It's extremely difficult to store information or compute without power. As embedded systems continue to shrink in size and energy consumption, batteries become the greatest hurdle to further optimization. In this talk, I will describe our recent research results on batteryless, RFID-scale computers and the pain it causes my graduate students. This work consists of three systems: the UMass Moo platform, stochastic storage on Half-Wits (USENIX FAST), and energy-aware checkpoints with Mementos (ASPLOS).
The UMass Moo is an embedded system based on the Intel WISP. The mixed signal system combines hardware and software to behave like an RFID tag with non-volatile memory, sensing, radio communication, and von Neumann-style computation. This batteryless device operates on RF energy harvesting and uses a small capacitor as a voltage supply. The capacitor stores 100 million times less energy than a typical AA battery. This lack of energy leads to two research challenges: how to reliably store data in non-volatile memory at low cost and low voltage, and how to compute when power losses interrupt programs every few hundred milliseconds.

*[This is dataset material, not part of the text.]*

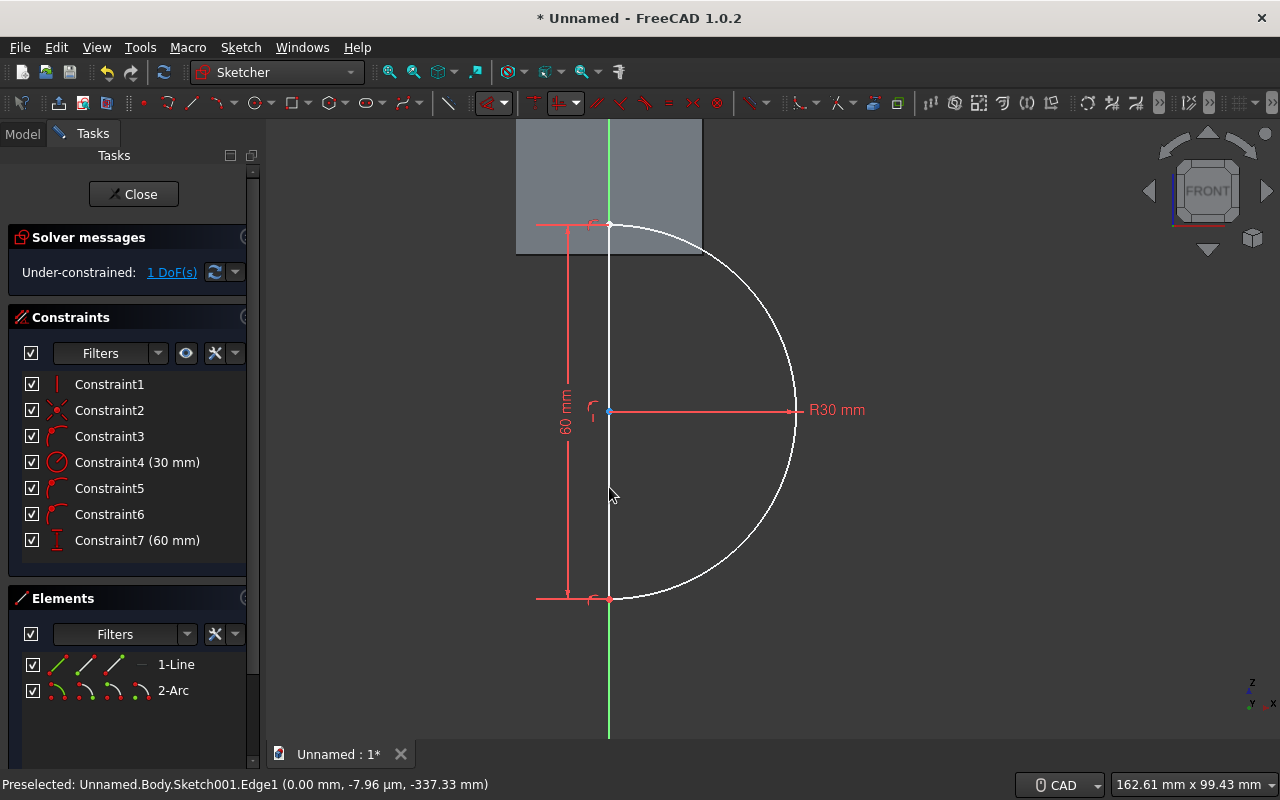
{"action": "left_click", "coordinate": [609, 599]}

The Half-Wits work analyzes the stochastic behavior of writing to embedded flash memory at voltages lower than recommended by a microcontroller's specifications to reduce energy consumption. Flash memory integrated within a microcontroller typically requires the entire chip to operate on common supply voltage almost double what the CPU portion requires. Our approach tolerates a lower supply voltage so that the CPU may operate in a more energy efficient manner. Our software-only coding algorithms enable reliable storage at low voltages on unmodified hardware by exploiting the electrically cumulative nature of half-written data in write-once bits. Measurements show that our software approach reduces energy consumption by up to 50%. This work is joint with Erik Learned-Miller (UMass Amherst) and Andrew Jiang (Texas A&M).
Mementos helps programs run to completion despite interruptions of power. Transiently powered computers such as the UMass Moo risk the frequent, complete loss of volatile memory. Thus, Mementos automatically instruments programs with energy-aware checkpoints to protect RAM and registers. Mementos consists of a suite of compile- and run-time tools that help to transform long-running programs into interruptible computations. The contributions include a study of the run-time environment for programs on RFID-scale devices, an energy-aware state checkpointing system for MSP430 family of microcontrollers, and a trace-driven simulator of transiently powered RFID-scale devices. This work is joint with Jacob Sorber (Dartmouth College).